[Records from a data collection]
....................

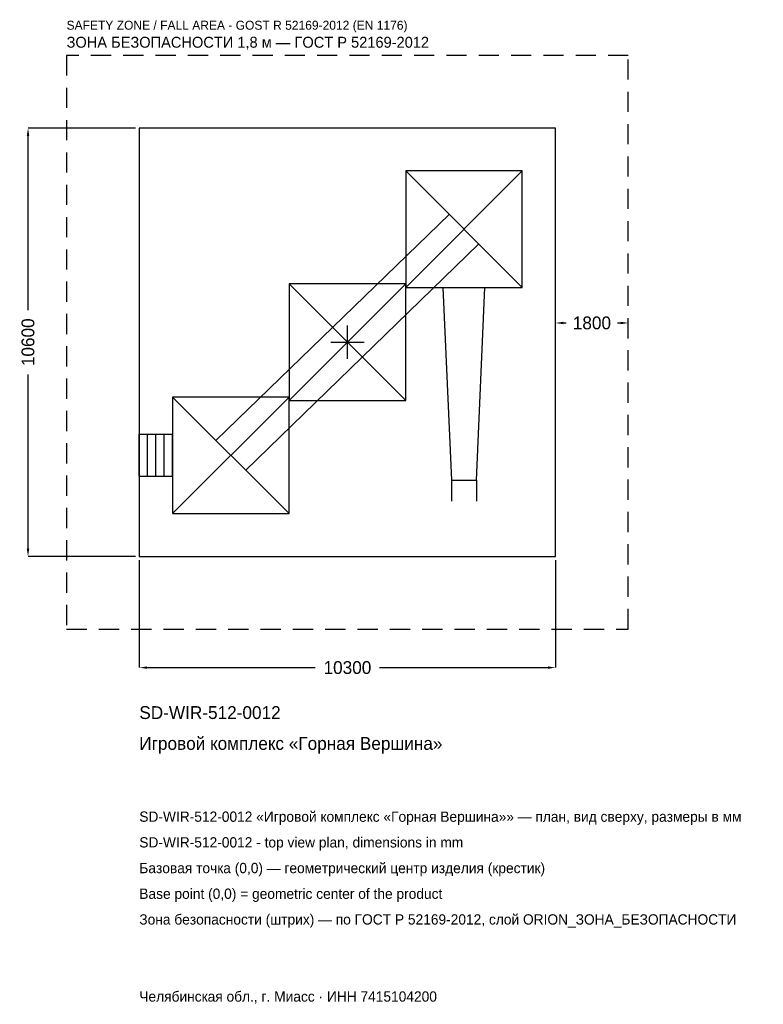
# Model space of a CAD drawing. Header units: metres. Extents: x -8110 to 10291, y -16388 to 7984.
import ezdxf

# ---------------------------------------------------------------- set-up
doc = ezdxf.new("R2010")
doc.units = ezdxf.units.M
doc.linetypes.add('DASHED', pattern=[800, 500, -300])
for name, color, linetype in [('ЗСК_ДАННЫЕ', 3, 'Continuous'), ('ЗСК_ЗОНА_БЕЗОПАСНОСТИ', 1, 'Continuous'), ('ЗСК_КОНТУР', 7, 'Continuous'), ('ЗСК_РАЗМЕРЫ', 8, 'Continuous')]:
    doc.layers.add(name, color=color, linetype=linetype)
doc.dimstyles.new('ORION', dxfattribs={"dimtxt": 318, "dimasz": 190.8, "dimexe": 1.25, "dimexo": 95.4, "dimtad": 1, "dimdec": 0, "dimcen": 2.5, "dimazin": 3, "dimtfac": 1, "dimtmove": 0, "dimatfit": 3})

# ---------------------------------------------------------------- blocks, each defined once
blk = doc.blocks.new('_CLOSEDFILLED')
at = {"color": 0, "linetype": 'BYBLOCK'}
blk.add_solid([(-1, 0.16), (0, 0), (-1, -0.16)], dxfattribs=at)
blk = doc.blocks.new('*D1')
for p, q in [((-5150, -5395.4), (-5150, -8054)), ((5150, -5395.4), (5150, -8054)), ((-4959.2, -8054), (-795, -8054)), ((795, -8054), (4959.2, -8054))]:
    blk.add_line(p, q)
at = {"layer": 'Defpoints'}
for p in [(-5150, -5300), (5150, -5300), (-5150, -8054)]:
    blk.add_point(p, dxfattribs=at)
at = {"layer": 'ЗСК_РАЗМЕРЫ', "xscale": 190.79999999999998, "yscale": 190.79999999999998, "rotation": 180}
blk.add_blockref('_CLOSEDFILLED', (-5150, -8054), dxfattribs=at)
at = {"layer": 'ЗСК_РАЗМЕРЫ', "xscale": 190.79999999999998, "yscale": 190.79999999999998}
blk.add_blockref('_CLOSEDFILLED', (5150, -8054), dxfattribs=at)
at = {"layer": 'ЗСК_РАЗМЕРЫ', "insert": (0, -8054), "char_height": 318, "attachment_point": 5}
blk.add_mtext('10300', dxfattribs=at)
blk = doc.blocks.new('*D2')
for p, q in [((-5245.4, 5300), (-7904, 5300)), ((-7904, 795), (-7904, 5109.2)), ((-7904, -5109.2), (-7904, -795)), ((-5245.4, -5300), (-7904, -5300))]:
    blk.add_line(p, q)
at = {"layer": 'Defpoints'}
for p in [(-5150, 5300), (-7904, -5300), (-5150, -5300)]:
    blk.add_point(p, dxfattribs=at)
at = {"layer": 'ЗСК_РАЗМЕРЫ', "xscale": 190.79999999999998, "yscale": 190.79999999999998}
for p, rotation in [((-7904, 5300), 90), ((-7904, -5300), 270)]:
    blk.add_blockref('_CLOSEDFILLED', p, dxfattribs=dict(at, rotation=rotation))
at = {"layer": 'ЗСК_РАЗМЕРЫ', "insert": (-7904, 0), "char_height": 318, "attachment_point": 5, "rotation": 90}
blk.add_mtext('10600', dxfattribs=at)
blk = doc.blocks.new('*D3')
for p, q in [((5150, 95.4), (5150, 477)), ((5340.8, 477), (5414, 477)), ((6686, 477), (6759.2, 477)), ((6950, 95.4), (6950, 477))]:
    blk.add_line(p, q)
at = {"layer": 'Defpoints'}
for p in [(5150, 477), (5150, 0), (6950, 0)]:
    blk.add_point(p, dxfattribs=at)
at = {"layer": 'ЗСК_РАЗМЕРЫ', "xscale": 190.79999999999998, "yscale": 190.79999999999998, "rotation": 180}
blk.add_blockref('_CLOSEDFILLED', (5150, 477), dxfattribs=at)
at = {"layer": 'ЗСК_РАЗМЕРЫ', "xscale": 190.79999999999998, "yscale": 190.79999999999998}
blk.add_blockref('_CLOSEDFILLED', (6950, 477), dxfattribs=at)
at = {"layer": 'ЗСК_РАЗМЕРЫ', "insert": (6050, 477), "char_height": 318, "attachment_point": 5}
blk.add_mtext('1800', dxfattribs=at)
blk = doc.blocks.new('ОРИОН SD-WIR-512-0012 Игровой комплекс Горная Вершина')
at = {"layer": 'ЗСК_ЗОНА_БЕЗОПАСНОСТИ', "linetype": 'DASHED'}
blk.add_lwpolyline([(-6950, -7100), (6950, -7100), (6950, 7100), (-6950, 7100)], close=True, dxfattribs=at)
at = {"layer": 'ЗСК_КОНТУР'}
for p, q in [((1442, 1356), (4326, 4240)), ((1442, 4240), (4326, 1356)), ((-3245.5, -2425.4), (2522.5, 3170.6)), ((2522.5, 3170.6), (-361.5, 372.6)), ((-2522.5, -3170.6), (3245.5, 2425.4)), ((3245.5, 2425.4), (361.5, -372.6)), ((-1442, -1442), (1442, 1442)), ((-1442, 1442), (1442, -1442)), ((-4326, -4240), (-1442, -1356)), ((-4326, -1356), (-1442, -4240)), ((-5150, -2278.9), (-4326, -2278.9)), ((-5150, -3317.1), (-5150, -2278.9)), ((-4944, -3317.1), (-4944, -2278.9)), ((-4738, -3317.1), (-4738, -2278.9)), ((-4532, -3317.1), (-4532, -2278.9)), ((-4326, -3317.1), (-4326, -2278.9)), ((-5150, -3317.1), (-4326, -3317.1)), ((2572.5, -3414), (2572.5, -3933.1)), ((3195.5, -3414), (3195.5, -3933.1))]:
    blk.add_line(p, q, dxfattribs=at)
for points in [[(-5150, -5300), (5150, -5300), (5150, 5300), (-5150, 5300)], [(1442, 1356), (4326, 1356), (4326, 4240), (1442, 4240)], [(-1442, -1442), (1442, -1442), (1442, 1442), (-1442, 1442)], [(-4326, -4240), (-1442, -4240), (-1442, -1356), (-4326, -1356)]]:
    blk.add_lwpolyline(points, close=True, dxfattribs=at)
blk.add_lwpolyline([(2364.9, 1356), (2572.5, -3414), (3195.5, -3414), (3403.1, 1356)], dxfattribs=at)
at = {"layer": 'ЗСК_РАЗМЕРЫ'}
for p, q in [((0, -412), (0, 412)), ((-412, 0), (412, 0))]:
    blk.add_line(p, q, dxfattribs=at)
at = {"layer": 'ЗСК_ДАННЫЕ'}
for tag, p in [('АРТИКУЛ', (-5150, -9326)), ('НАИМЕНОВАНИЕ', (-5150, -10089.2))]:
    blk.add_attdef(tag, p, '', height=318, dxfattribs=at)
at = {"layer": 'ЗСК_ДАННЫЕ', "flags": 1}
for tag, p in [('ПРОИЗВОДИТЕЛЬ', (-5150, -10852.4)), ('ТЕЛЕФОН', (-5150, -11615.6)), ('САЙТ', (-5150, -13142)), ('АДРЕС', (-5150, -13905.2)), ('РЕКВИЗИТЫ', (-5150, -14668.4)), ('ГАБАРИТЫ', (-5150, -15431.6)), ('ЗОНА_БЕЗОПАСНОСТИ', (-5150, -16194.8))]:
    blk.add_attdef(tag, p, '', height=318, dxfattribs=at)
at = {"layer": 'ЗСК_ЗОНА_БЕЗОПАСНОСТИ', "color": 1}
for s, height, p in [('SAFETY ZONE / FALL AREA - GOST R 52169-2012 (EN 1176)', 222.6, (-6950, 7736)), ('ЗОНА БЕЗОПАСНОСТИ 1,8 м — ГОСТ Р 52169-2012', 270.3, (-6950, 7290.8))]:
    blk.add_text(s, height=height, dxfattribs=at).set_placement(p)
at = {"layer": 'ЗСК_РАЗМЕРЫ'}
dim = blk.add_linear_dim(base=(-7904, -5300), p1=(-5150, -5300), p2=(-5150, 5300), angle=90, dimstyle='ORION', dxfattribs=at)
dim.commit()
dim.dimension.update_dxf_attribs({"geometry": '*D2', "text_midpoint": (-7904, 0)})
for base, p1, p2, picture, middle in [((5150, 477), (5150, 0), (6950, 0), '*D3', (6050, 477)), ((-5150, -8054), (-5150, -5300), (5150, -5300), '*D1', (0, -8054))]:
    dim = blk.add_linear_dim(base=base, p1=p1, p2=p2, dimstyle='ORION', dxfattribs=at)
    dim.commit()
    dim.dimension.update_dxf_attribs({"geometry": picture, "text_midpoint": middle})

msp = doc.modelspace()

# ---------------------------------------------------------------- block references
msp.add_blockref('ОРИОН SD-WIR-512-0012 Игровой комплекс Горная Вершина', (0, 0)).add_auto_attribs({'АРТИКУЛ': 'SD-WIR-512-0012', 'НАИМЕНОВАНИЕ': 'Игровой комплекс «Горная Вершина»'})

# ---------------------------------------------------------------- texts
at = {"layer": 'ЗСК_ДАННЫЕ', "color": 3}
for s, p in [('SD-WIR-512-0012 «Игровой комплекс «Горная Вершина»» — план, вид сверху, размеры в мм', (-5150, -11870)), ('SD-WIR-512-0012 - top view plan, dimensions in mm', (-5150, -12506)), ('Челябинская обл., г. Миасс · ИНН 7415104200', (-5150, -16322))]:
    msp.add_text(s, height=254.4, dxfattribs=at).set_placement(p)
at = {"layer": 'ЗСК_ДАННЫЕ', "color": 7}
for s, p in [('Базовая точка (0,0) — геометрический центр изделия (крестик)', (-5150, -13142)), ('Base point (0,0) = geometric center of the product', (-5150, -13778))]:
    msp.add_text(s, height=254.4, dxfattribs=at).set_placement(p)
at = {"layer": 'ЗСК_ДАННЫЕ', "color": 1}
msp.add_text('Зона безопасности (штрих) — по ГОСТ Р 52169-2012, слой ORION_ЗОНА_БЕЗОПАСНОСТИ', height=254.4, dxfattribs=at).set_placement((-5150, -14414))

doc.saveas('drawing.dxf')

....................

#### [WHAT THE TASK REQUIRES]
Show each line in the entries that holds the string "middle".

#### [RESULT OF THIS TASK]
for base, p1, p2, picture, middle in [((5150, 477), (5150, 0), (6950, 0), '*D3', (6050, 477)), ((-5150, -8054), (-5150, -5300), (5150, -5300), '*D1', (0, -8054))]:
    dim.dimension.update_dxf_attribs({"geometry": picture, "text_midpoint": middle})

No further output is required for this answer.